25. The method of any one of claims 19 to 24, characterized in that the substrate surface is selected from gold, copper, silver, aluminium, platinum and palladium, preferably gold, and that the group X is selected from: - asymmetrical or symmetrical disulphide (-SSR'Y' ,

-SSRY) , sulphide (-SR'Y' , -SRY) , diselenide (-SeSeR'Y' , -SeSeRY, selenide (-SeR'Y' ,-SeRY) , nitrile (-CN) , isonitrile, nitro (-NO2)/ selenol (-SeH) , trivalent phosphorous compounds, iso-thiocyanate, xanthate, thiocarbamate, phosphine, thiophosphates, thioacid or dithioacid (-COSH, -CSSH) , imidazoles, triazoles, carboxylic acid, wherein R' and Y' are defined as for R and Y.

26. The method of any one of claims 1 to 25, characterized in that at least one of said diffusing molecules is a protein or a peptide, e.g. a monoclonal antibody, or a nucleic acid.

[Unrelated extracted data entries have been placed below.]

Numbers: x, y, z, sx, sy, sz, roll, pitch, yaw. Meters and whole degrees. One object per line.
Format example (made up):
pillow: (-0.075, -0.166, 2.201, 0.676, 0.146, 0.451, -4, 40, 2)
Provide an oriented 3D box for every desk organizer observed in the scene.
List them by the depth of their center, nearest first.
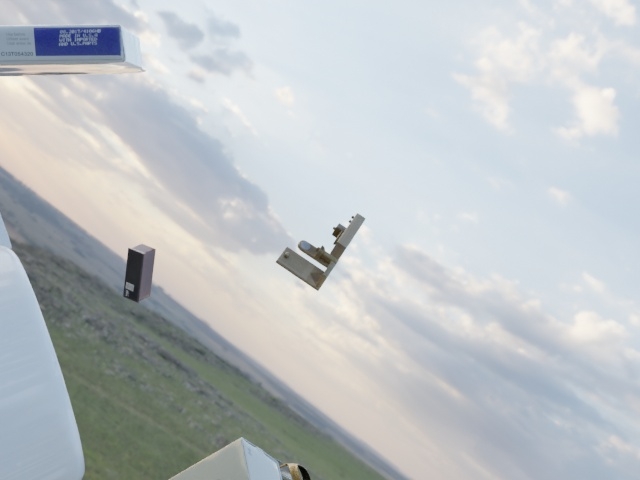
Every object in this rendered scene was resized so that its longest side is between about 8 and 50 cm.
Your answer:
desk organizer: (-0.435, 0.078, 1.730, 0.047, 0.130, 0.050, 19, 22, 19)

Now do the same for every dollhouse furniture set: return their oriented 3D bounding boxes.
dollhouse furniture set: (0.000, 0.000, 1.697, 0.123, 0.144, 0.151, 33, -42, 2)

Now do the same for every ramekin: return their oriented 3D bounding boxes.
ramekin: (-0.327, 0.138, 0.682, 0.277, 0.135, 0.277, 40, -41, 48)

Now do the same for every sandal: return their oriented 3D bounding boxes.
sandal: (-0.049, 0.554, 1.682, 0.180, 0.049, 0.072, 24, 2, 32)

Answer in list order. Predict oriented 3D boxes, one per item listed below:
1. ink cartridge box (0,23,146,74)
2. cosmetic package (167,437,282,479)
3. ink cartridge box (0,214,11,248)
ink cartridge box: (-0.487, -0.331, 1.262, 0.323, 0.072, 0.330, -3, 12, -7)
cosmetic package: (-0.231, 0.549, 1.471, 0.153, 0.296, 0.129, 48, 13, -41)
ink cartridge box: (-0.609, 0.014, 1.080, 0.160, 0.219, 0.093, -8, -76, 29)
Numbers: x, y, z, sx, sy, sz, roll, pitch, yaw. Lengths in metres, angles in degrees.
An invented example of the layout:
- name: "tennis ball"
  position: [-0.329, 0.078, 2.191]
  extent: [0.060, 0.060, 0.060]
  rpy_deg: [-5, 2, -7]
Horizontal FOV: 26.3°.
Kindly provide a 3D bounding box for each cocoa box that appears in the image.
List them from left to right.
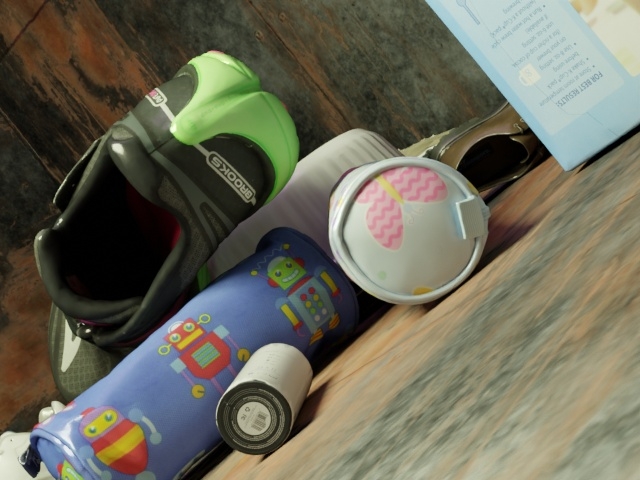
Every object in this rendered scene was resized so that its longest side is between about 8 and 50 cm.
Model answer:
- name: "cocoa box"
  position: [0.282, -0.261, 1.078]
  extent: [0.347, 0.231, 0.228]
  rpy_deg: [-38, 3, 42]

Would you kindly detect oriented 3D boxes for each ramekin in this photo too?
- name: "ramekin"
  position: [0.000, 0.000, 1.408]
  extent: [0.273, 0.127, 0.273]
  rpy_deg: [-39, -6, -5]

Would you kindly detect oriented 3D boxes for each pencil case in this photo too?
- name: "pencil case"
  position: [-0.104, 0.121, 1.168]
  extent: [0.306, 0.119, 0.133]
  rpy_deg: [-40, -19, -27]
- name: "pencil case"
  position: [0.067, -0.012, 1.138]
  extent: [0.124, 0.114, 0.273]
  rpy_deg: [3, 2, 1]

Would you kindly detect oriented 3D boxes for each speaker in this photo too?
- name: "speaker"
  position: [-0.039, 0.114, 1.015]
  extent: [0.055, 0.055, 0.136]
  rpy_deg: [-39, 2, 8]

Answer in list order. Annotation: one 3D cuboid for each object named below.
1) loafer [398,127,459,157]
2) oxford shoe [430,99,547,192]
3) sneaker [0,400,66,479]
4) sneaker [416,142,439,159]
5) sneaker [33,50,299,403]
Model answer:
- name: "loafer"
  position: [0.124, -0.073, 1.779]
  extent: [0.092, 0.102, 0.268]
  rpy_deg: [-39, 11, -35]
- name: "oxford shoe"
  position: [0.223, -0.117, 1.403]
  extent: [0.227, 0.083, 0.096]
  rpy_deg: [-39, 20, 8]
- name: "sneaker"
  position: [-0.376, 0.311, 1.655]
  extent: [0.111, 0.129, 0.297]
  rpy_deg: [-35, 6, 41]
- name: "sneaker"
  position: [0.112, -0.050, 1.626]
  extent: [0.234, 0.078, 0.106]
  rpy_deg: [-41, 4, 8]
- name: "sneaker"
  position: [-0.190, 0.016, 1.265]
  extent: [0.202, 0.185, 0.483]
  rpy_deg: [-32, -19, -39]
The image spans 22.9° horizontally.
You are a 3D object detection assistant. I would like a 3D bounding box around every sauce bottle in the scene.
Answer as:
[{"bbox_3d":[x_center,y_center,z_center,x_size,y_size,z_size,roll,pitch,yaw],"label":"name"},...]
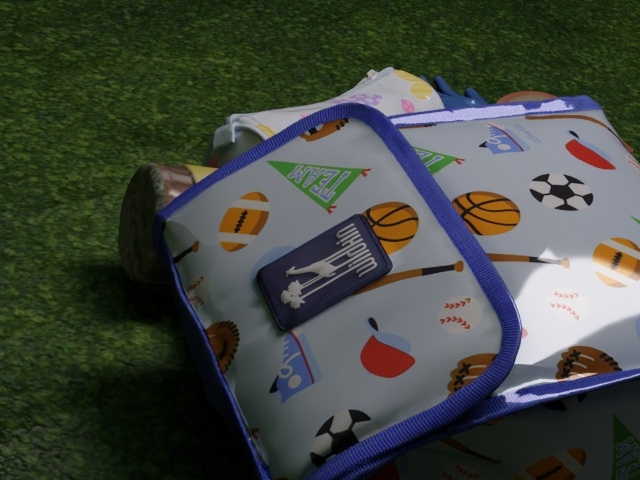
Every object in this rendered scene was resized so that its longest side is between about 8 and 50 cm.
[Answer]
[{"bbox_3d":[0.000,0.000,1.397,0.344,0.111,0.111,5,29,-24],"label":"sauce bottle"}]

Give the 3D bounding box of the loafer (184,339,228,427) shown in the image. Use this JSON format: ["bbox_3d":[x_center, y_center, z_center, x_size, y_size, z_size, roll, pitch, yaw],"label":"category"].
[{"bbox_3d":[-0.067,0.090,1.265,0.061,0.062,0.170,8,29,-17],"label":"loafer"}]

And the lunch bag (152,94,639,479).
[{"bbox_3d":[0.098,0.063,1.165,0.385,0.239,0.328,-7,41,-21],"label":"lunch bag"}]

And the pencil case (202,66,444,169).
[{"bbox_3d":[0.011,-0.088,1.551,0.113,0.124,0.273,3,18,42],"label":"pencil case"}]

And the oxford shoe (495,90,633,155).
[{"bbox_3d":[0.284,0.036,1.438,0.140,0.146,0.397,-16,53,-34],"label":"oxford shoe"}]

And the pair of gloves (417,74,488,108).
[{"bbox_3d":[0.132,-0.144,1.818,0.198,0.023,0.159,-12,37,-40],"label":"pair of gloves"}]
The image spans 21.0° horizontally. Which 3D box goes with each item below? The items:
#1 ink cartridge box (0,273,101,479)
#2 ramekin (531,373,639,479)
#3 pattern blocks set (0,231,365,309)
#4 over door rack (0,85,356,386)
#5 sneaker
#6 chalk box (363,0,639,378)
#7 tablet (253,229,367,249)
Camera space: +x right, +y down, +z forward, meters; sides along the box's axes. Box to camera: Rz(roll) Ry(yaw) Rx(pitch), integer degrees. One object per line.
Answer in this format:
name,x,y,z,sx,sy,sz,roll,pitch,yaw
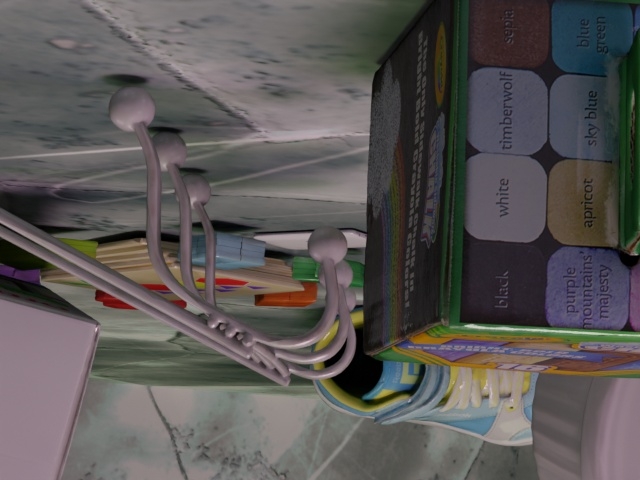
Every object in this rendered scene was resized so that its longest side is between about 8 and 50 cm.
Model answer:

27. The method of any one of claims 1 to 26, characterized in that it comprises cross-diffusing at least three different components from mutually different directions to provide for gradually changing surface properties in at least a second substrate surface dimension.

28. The method of claim 27, characterized in that said directions are defined by a polygon selected from a triangle, rectangle, pentangle and hexangle.

29. The method of any one of claims 1 to 28, characterized in that said molecular gradient is selected from at least one of the following combinations of chemical characters: hydrophobic/hydrophilic, negative/positive charge, polar/apolar, L-/D-isomers, cis/trans-isomers, acid/base, rigid/flexible molecular tails, chromophoric/non-chromophoric, fluorophoric/non- fluorophoric, and chemiluminescent/non-chemiluminescent.

30. A solid substrate with a surface having a molecular concentration gradient thereon, characterized in that said gradient is formed by at least two different components selected from molecules and molecule mixtures bound to the substrate surface.

31. The solid substrate according to claim 30, characterized in that said molecules are selected from those defined in any one of claims 18 to 30.

32. Use of a solid substrate according to claim 30 or 31 for studying adsorption patterns of molecules, especially by evanescent wave based methods.